Malignant rhabdoid tumor (MRT) is a rare, enigmatic childhood cancer characterized by extreme aggressiveness and resistance to chemotherapy. To understand better the origin of the tumor and the mechanisms by which it develops and resists treatment, five cell lines were established from patients presenting with MRT (two renal and three extrarenal tumors).
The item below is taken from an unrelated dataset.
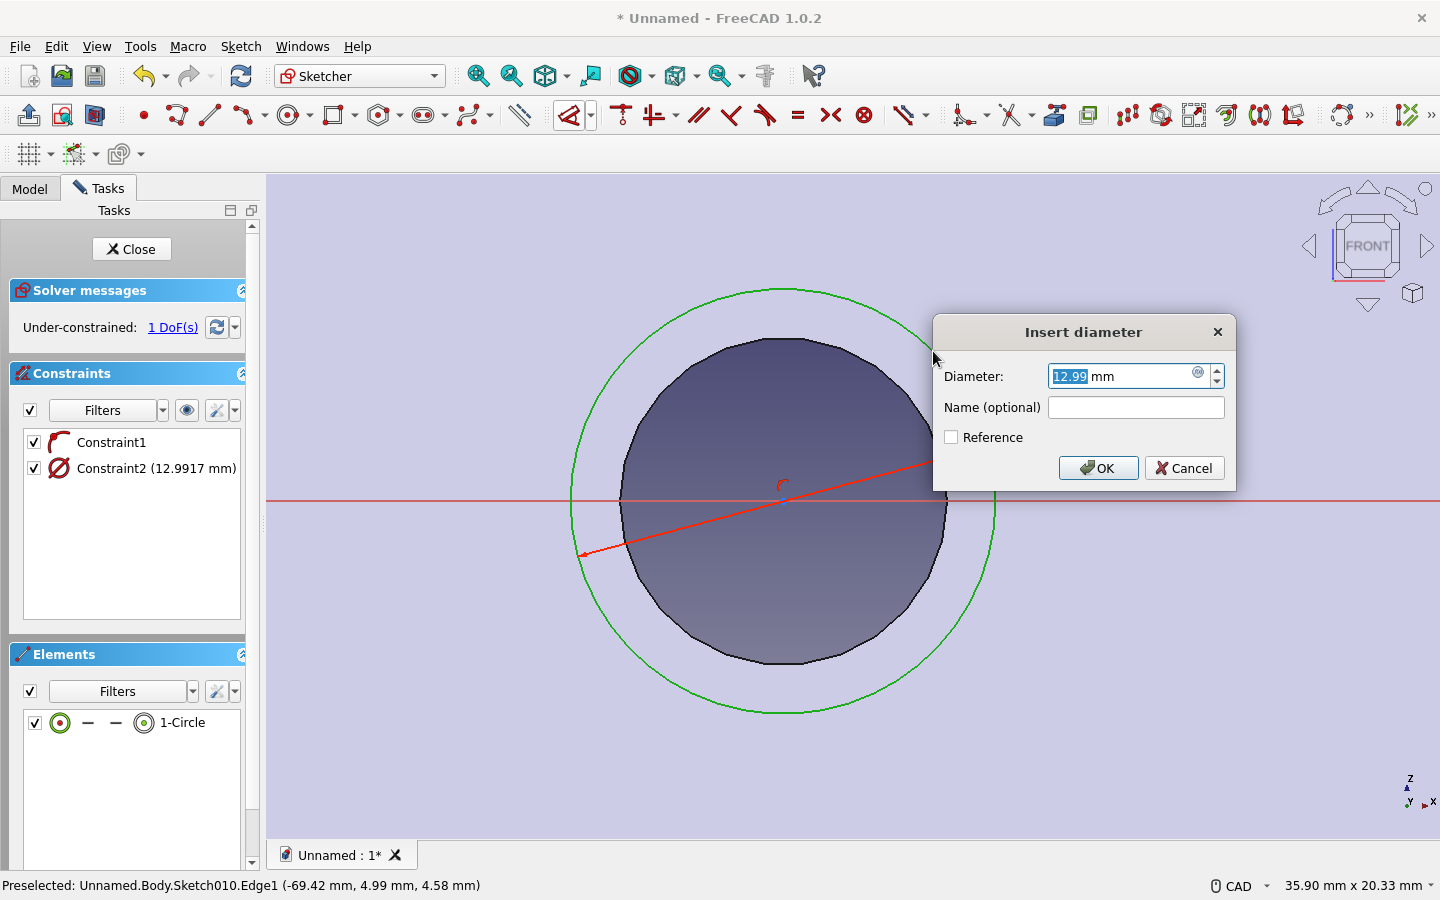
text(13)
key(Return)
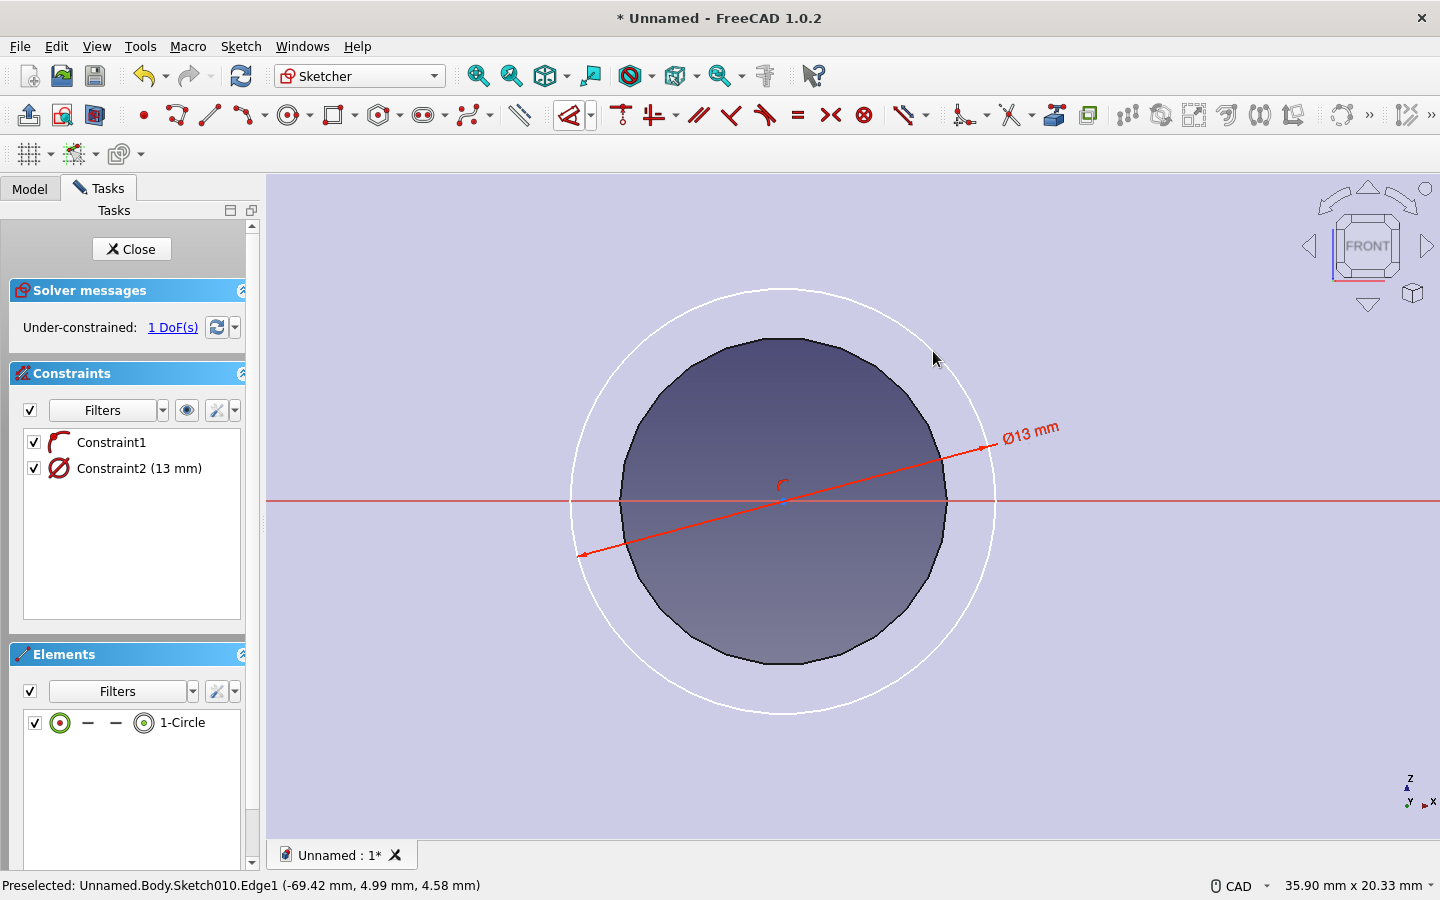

All of the cell lines display the light microscopic and ultrastructural features, as well as the variable immunohistochemical profile, characteristic of MRT. All are capable of forming tumors in nude mice. Three of the cell lines have detectable abnormalities of chromosome 22: one a t(22, 22) unbalanced translocation and two others a loss of heterozygosity of polymerase chain reaction-based microsatellite markers. Northern blot analysis showed that overexpression of the c-myc message was a consistent characteristic of the five MRTs evaluated. Although mutations of the p53 gene were not detectable by sequence analysis, all of the cell lines showed nuclear accumulation of the p53 protein by an immunocytochemical analysis in a minority of the cells. This result suggests that dysfunction in a p53-dependent apoptotic pathway might play a role in the multiple drug resistance phenotype of these tumors.

Anaplasia and drug selection-independent overexpression of the multidrug resistance gene, MDR1, in Wilms' tumor.

One reason for the failure of chemotherapy is the overexpression of the multidrug resistance gene, MDR1. The product of this gene is the multidrug transporter P-glycoprotein, an ATP-dependent pump that extrudes drugs from the cytoplasm. Some tumors inherently express P-glycoprotein, whereas others acquire the ability to do so after exposure to certain chemotherapeutic agents, often by the mechanism of gene amplification. Classical Wilms' tumors (nephroblastoma) typically respond to therapy and have a good prognosis. On the contrary, anaplastic Wilms' tumors are generally refractory to chemotherapy. These anaplastic variants are rare (4.5% of all Wilms' tumors reported in the United States), aggressive, and often fatal forms of tumor, which are commonly thought to result from the progression of classical Wilms' tumors. To investigate the basis for this differential response to therapy, we examined a number of classical and anaplastic Wilms' tumors for the expression of the MDR1 gene by immunohistochemical and mRNA analysis. Classical Wilms' tumors consistently did not express P-glycoprotein except in areas of tubular differentiation, as in normal kidney. Similarly, two of three anaplastic tumors failed to show P-glycoprotein expression. In contrast, cultured cells derived from a third anaplastic tumor, W4, exhibited strong P-glycoprotein expression and were drug resistant in vitro. Southern analysis revealed that W4 cells contained a single copy of the MDR1 gene per haploid genome similar to normal cells, demonstrating that the overexpression of MDR1 was not caused by gene amplification. Transcriptional activation of the MDR1 gene would be in keeping with the concept that p53 might act as a transcriptional repressor of the MDR1 gene.